Paramount Chief (Won Nyaci) of Lango
- In office 1 March 2024 – Incumbent
- Preceded by: Yosam Odur Ebii

Personal details
- Born: Michael Moses Odongo Okune March 6, 1965 (age 61) Ibjue Trading Centre, Maruzi, Apac District, Uganda
- Alma mater: Makerere University, University of Surrey
- Occupation: Cultural leader, civil engineer, public servant

= Odongo Okune =

Ugandan cultural leader, civil engineer, and public servant

Michael Moses Odongo Okune (born 6 March 1965) is a Ugandan cultural leader for the Lango people in Northern Uganda with a title of "Paramount Chief Won Nyaci of Lango". He was the Cultural Foreign Affairs Minister (Awitim) of Lango and chairman Lango Conference 2012. Odongo is a former Executive Director of the Uganda Road Fund (URF).

== Background and education ==
Eng Odongo was born on 6 March 1965 in the Kongo clan in Ibuje Trading Centre, Maruzi Apac district to Joseph William Okune Onweng (father) and Hellen Acen Odora (mother) at Lira Hospital.

From 1971 to 1978, Odong pursued his primary education from Ibuje Primary School. From 1979 to 1982, he pursued his O-level education at Sir Samuel Baker Senior Secondary School in Gulu District after which he proceeded to St Peter's College in Tororo District for his A-level education in 1983 to1985 and there after, he joined Makerere University where he pursued a Bachelor of Science in Civil Engineering in 1985 to1989. He also pursued further studies in engineering where he earned a Master's degree in Civil Engineering in 2003 from the same institution.

In addition, Okune has a Master of Business Administration (MBA) and a second Master's in Bridge Engineering from University of Surrey in the United Kingdom in 2005 and a PhD in Civil Engineering from Makerere University in 2009. His engineering qualifications also consist of being a Fellow of the Institution of Civil Engineers in the UK.

== Career in engineering and public service ==
Okune began his professional career in 1989 within Uganda’s Ministry of Works and Transport. He was a district engineer in Lango sub-region in the early 1990s. His experience in infrastructure development attracted him to be appointed as an Executive Director of the Uganda Road Fund (URF) in 2009 and served for ten years until 2019. In 2014 to 2020, he was Chairman for Engineers Registration Board Uganda, chairman Uganda National Cultural Centre 2015 to 2018. Okune served as a Commissioner in the Ministry of Works and Transport from 2021 to 2024.

== Cultural leadership ==
Okune was elected Paramount Chief of Lango, a traditional title also known as Won Nyaci, on 1 March 2024. He was elected following decades of participation in issues of culture, such as his previous appointment as the Cultural Foreign Affairs Minister (Awitim) of Lango and chair for the 2012 Lango Conference. He was gazetted by the Government of Uganda on 2 November 2024 as Paramount Chief.
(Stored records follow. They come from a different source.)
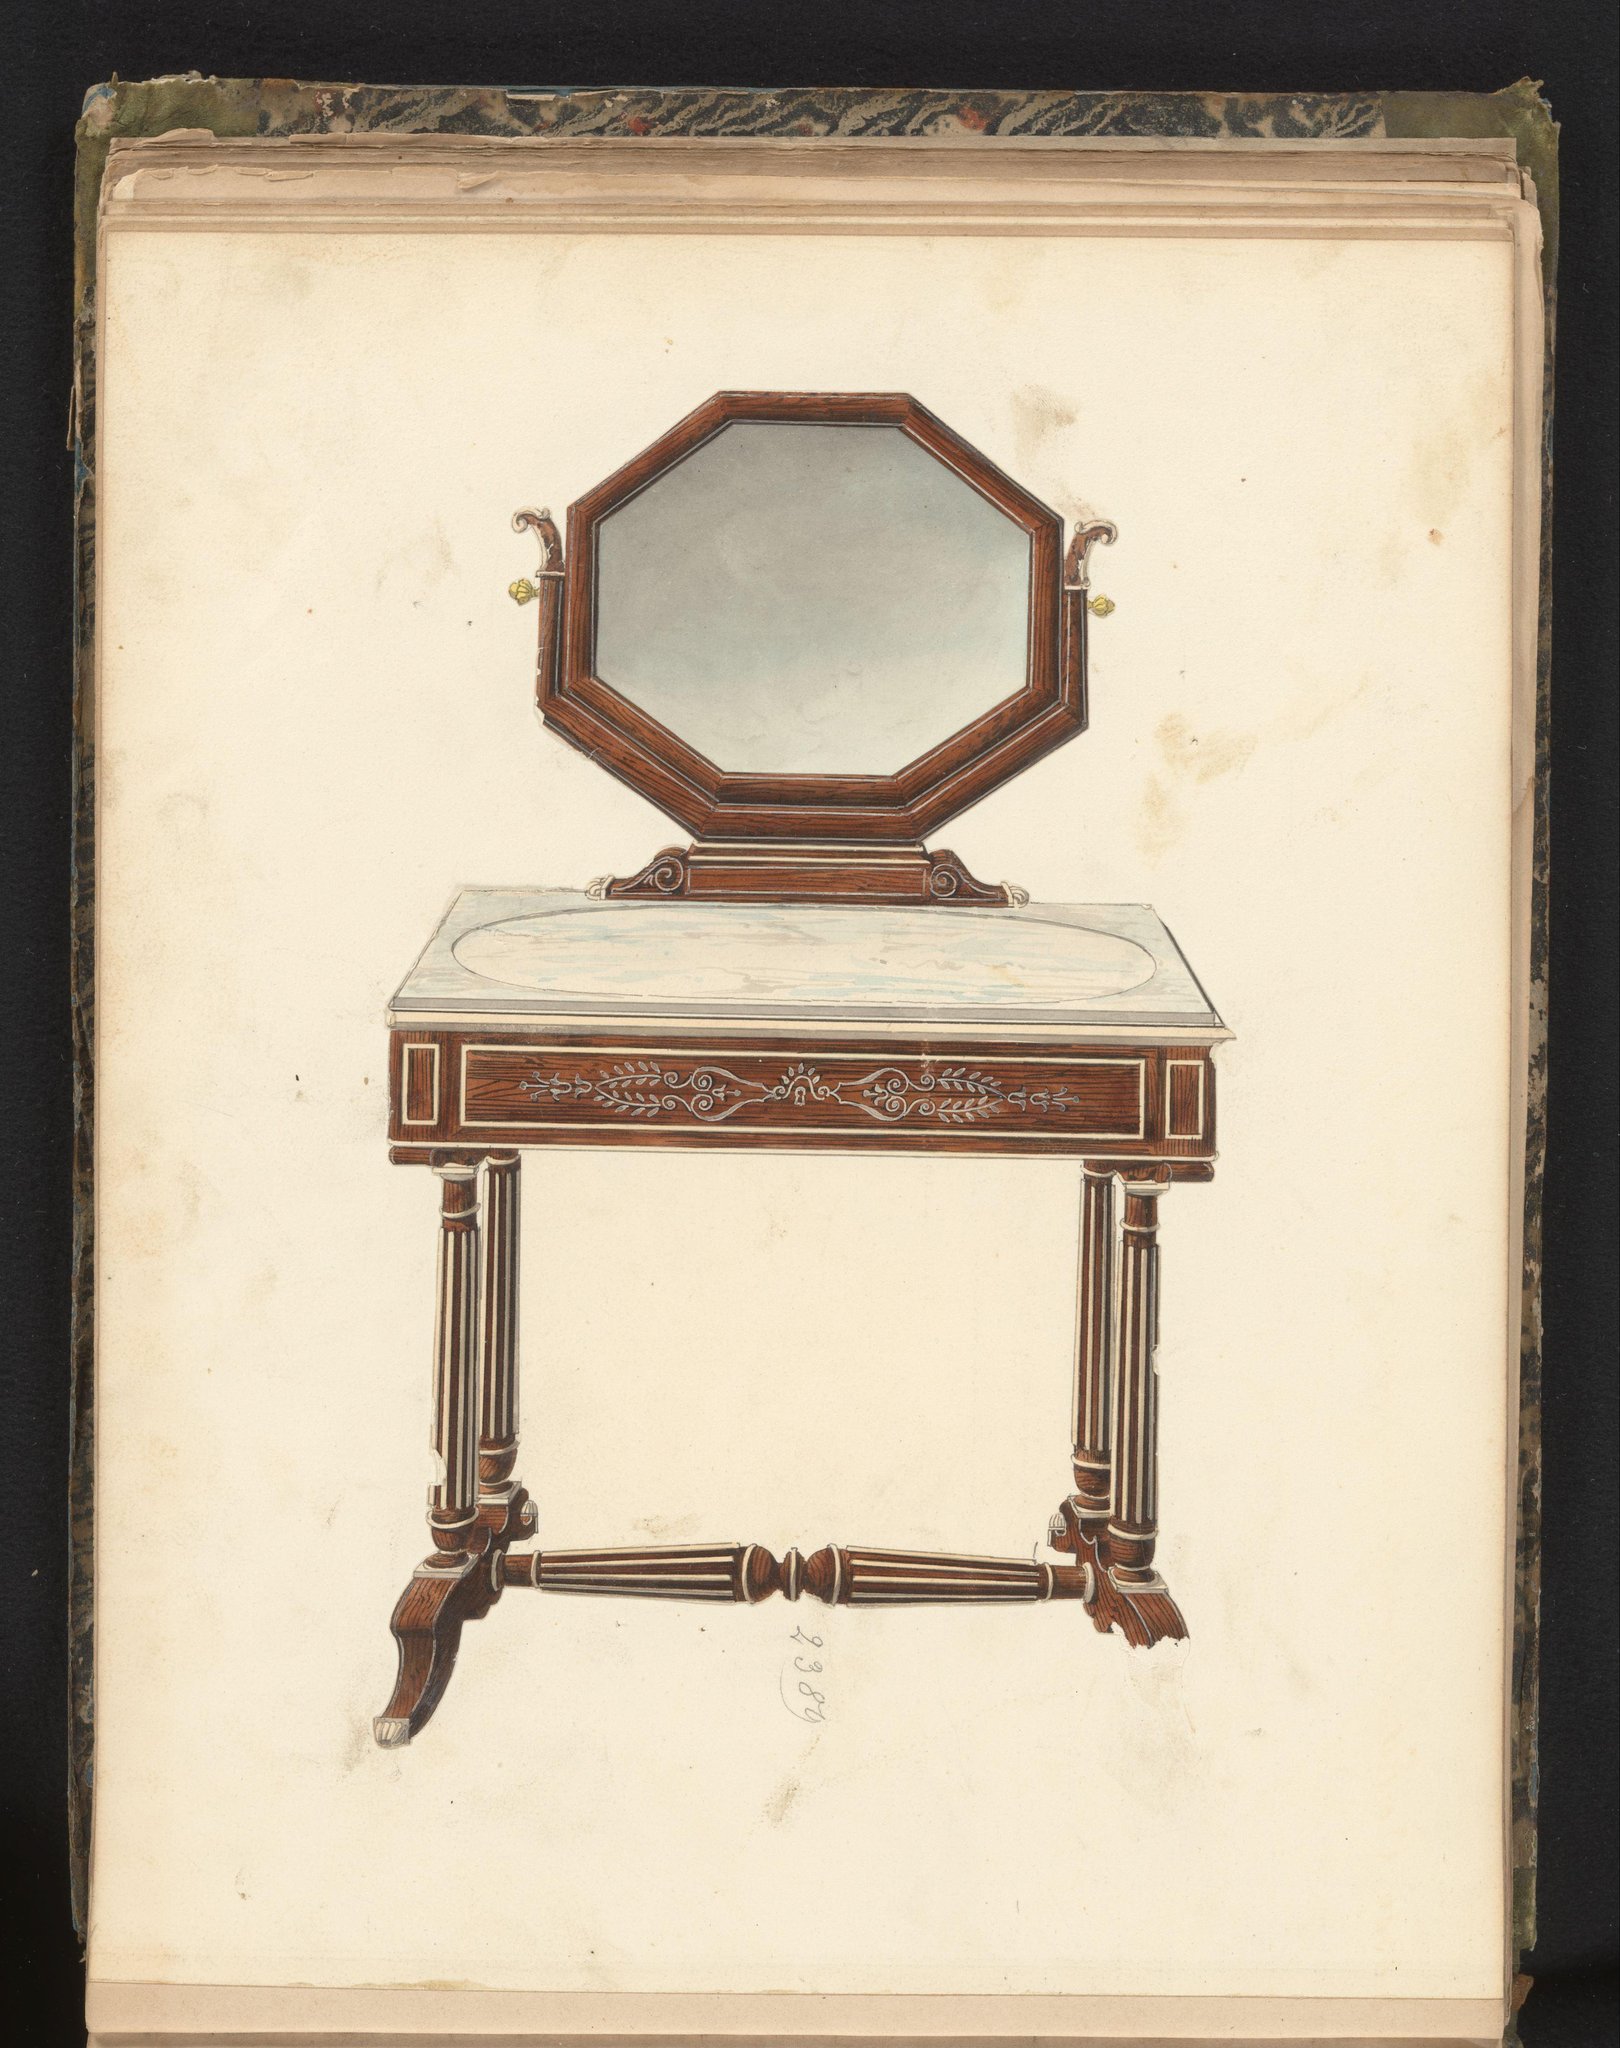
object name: drawing
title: Ontwerp voor toilettafel met achthoekige spiegel
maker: Anonymous
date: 1825-1839
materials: ink, paper, pencil, watercolor
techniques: brush, pen
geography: paris
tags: mirror, furniture for special use (+ wood and other phytogenic material), table
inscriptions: inscription: ‘2389 Toilette duchesse palissandre pied carreé sf patin’
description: Toilettafel met marmeren blad en een 8-hoekige spiegel in een lijst en palisanderhout met metalen(?) inlegwerk. Het blad op de achterzijde genummerd: 14, het tegenoverliggende blad met informatie over de afgebeelde meubelen genummerd: 14 bis. Onderdeel van een album met 80 bladen met tekeningen en een prent van gefineerde en gelakte meubelen, alsmede zitmeubelen.
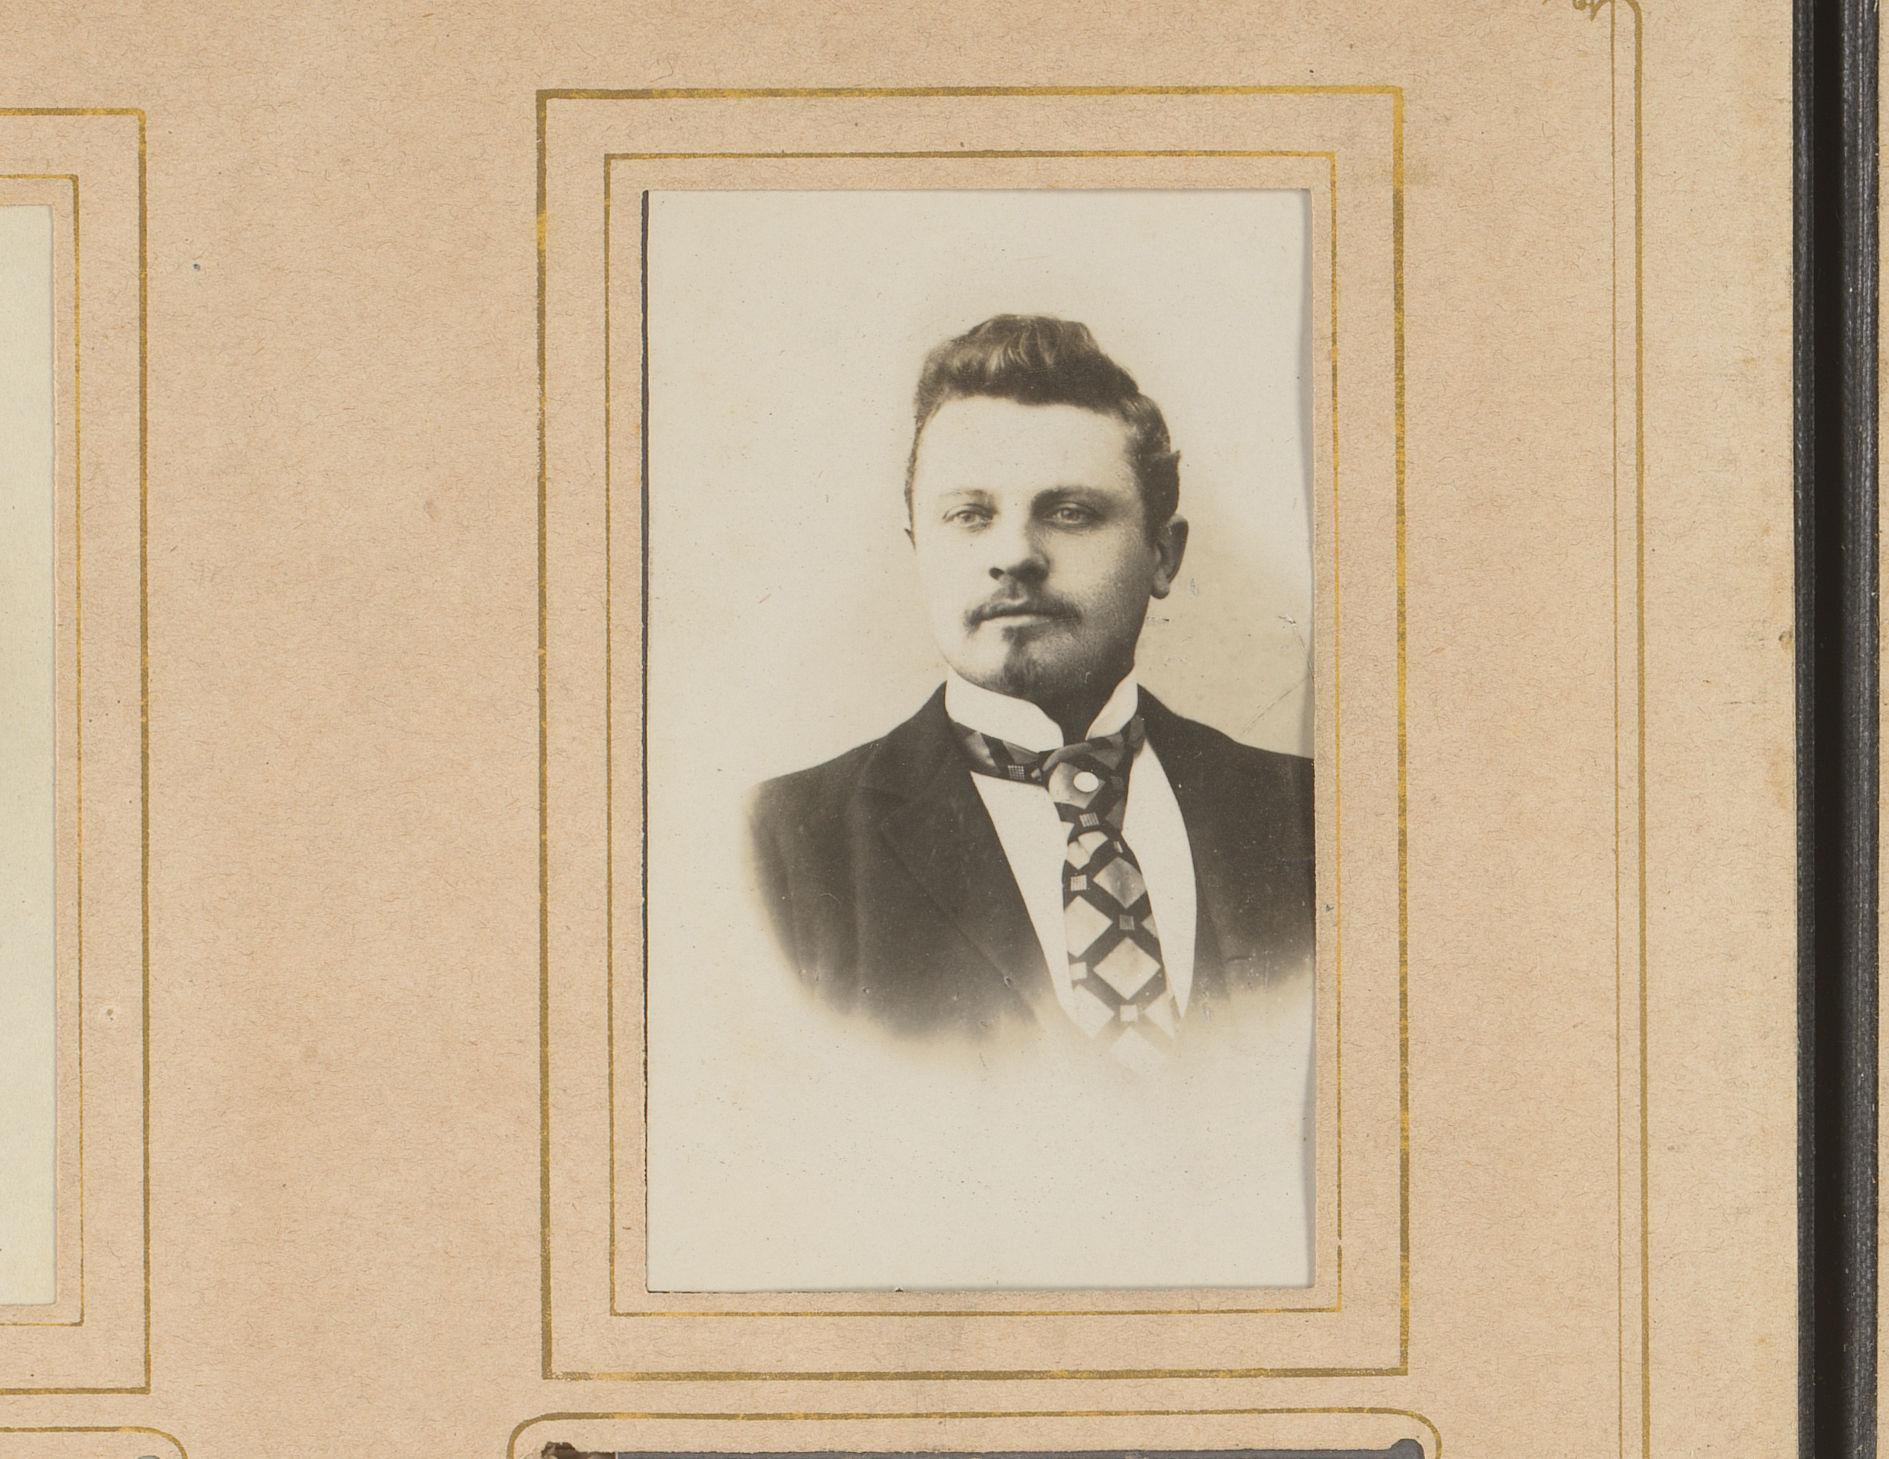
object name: album leaf
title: Portret van een man
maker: Anonymous
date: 1880-1915
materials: cardboard, photographic support
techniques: gelatin silver print
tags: adult man, historical persons
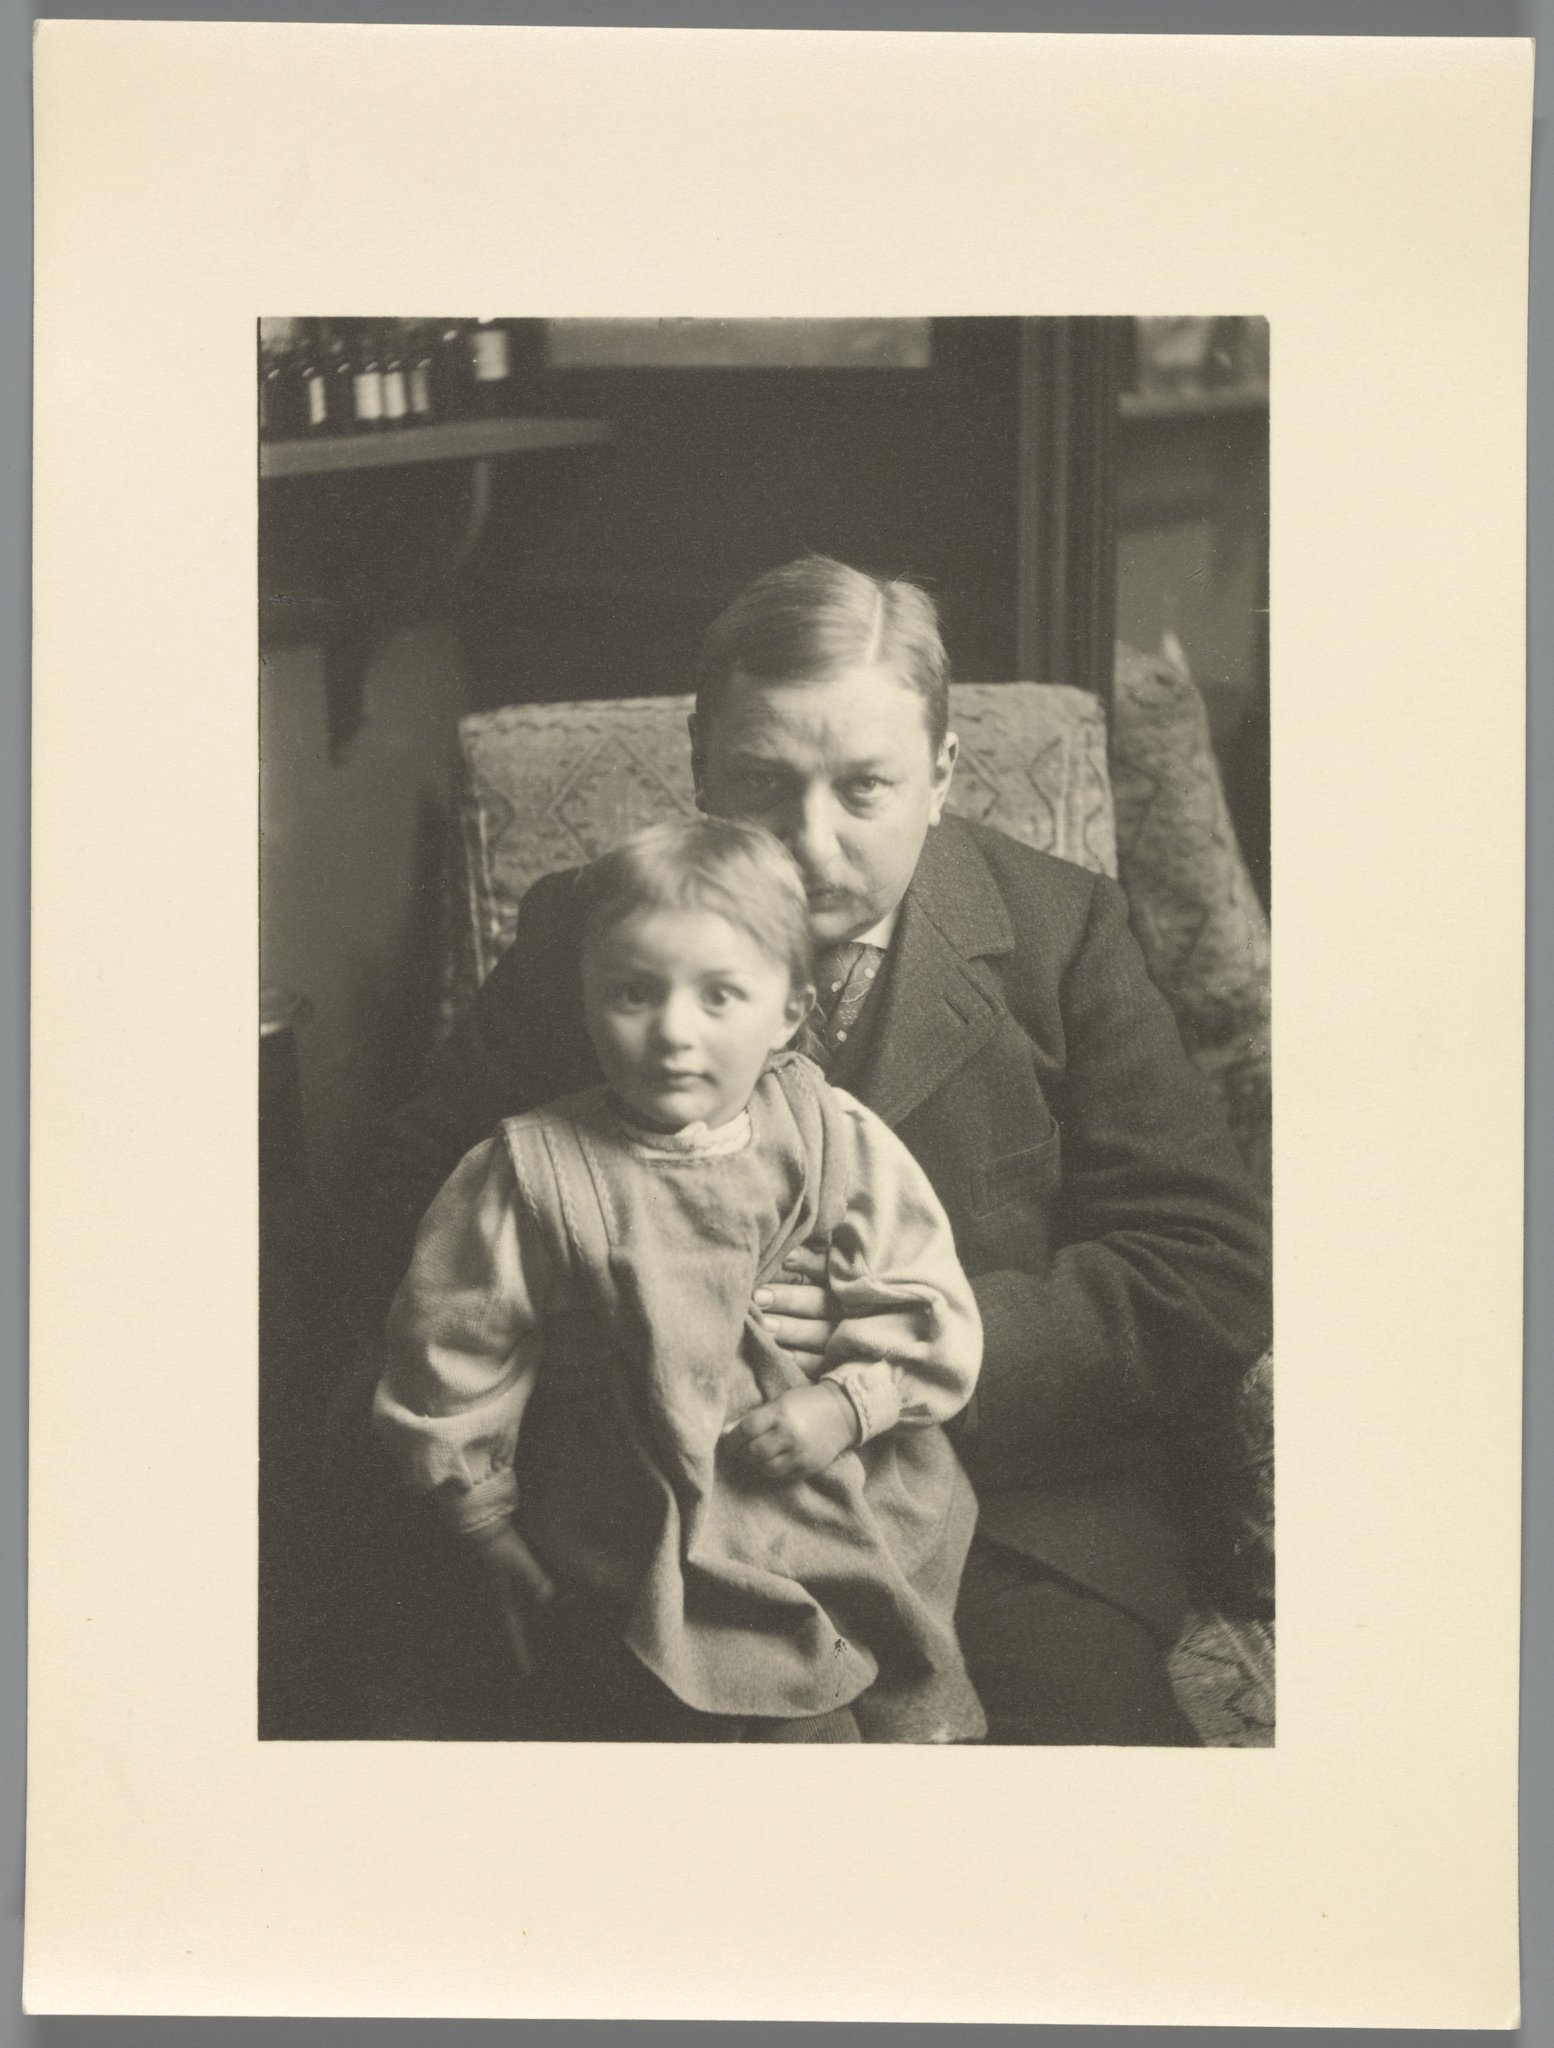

His swearing-in was conducted on 5 February 2025 in an open inauguration at the High Court in Lira, with legal challenges still pending. His election had previously been revoked by the High Court in a ruling which termed the process "illegal, null and void." A stay was subsequently ordered by the Court of Appeal to enable Okune to go ahead with his swearing-in pending the appeal. The court battle was sparked by competing contestants for the Lango Cultural Foundation, resulting in a long leadership battle.

Despite the controversy, the Ugandan Minister of Gender, Labour, and Social Development, Betty Amongi, confirmed that the government recognized Okune as the only legitimate Won Nyaci, reinforcing the state’s official position on his leadership.

== Public engagement and community advocacy ==
As Paramount Chief, Okune has been dedicated to reconciliation and reunification of the Lango people. He has promoted cultural rejuvenation and incorporation of traditional models of leadership in tackling modern issues such as poverty, education, and health. In September 2025, he urged the enhanced mobilization of the community in tackling the over-looked tropical diseases (NTDs) with quotes of enormously exaggerated figures in the Lango sub-region. He called on residents, health professionals, and local leaders to become active participants in preventive healthcare measures and education campaigns.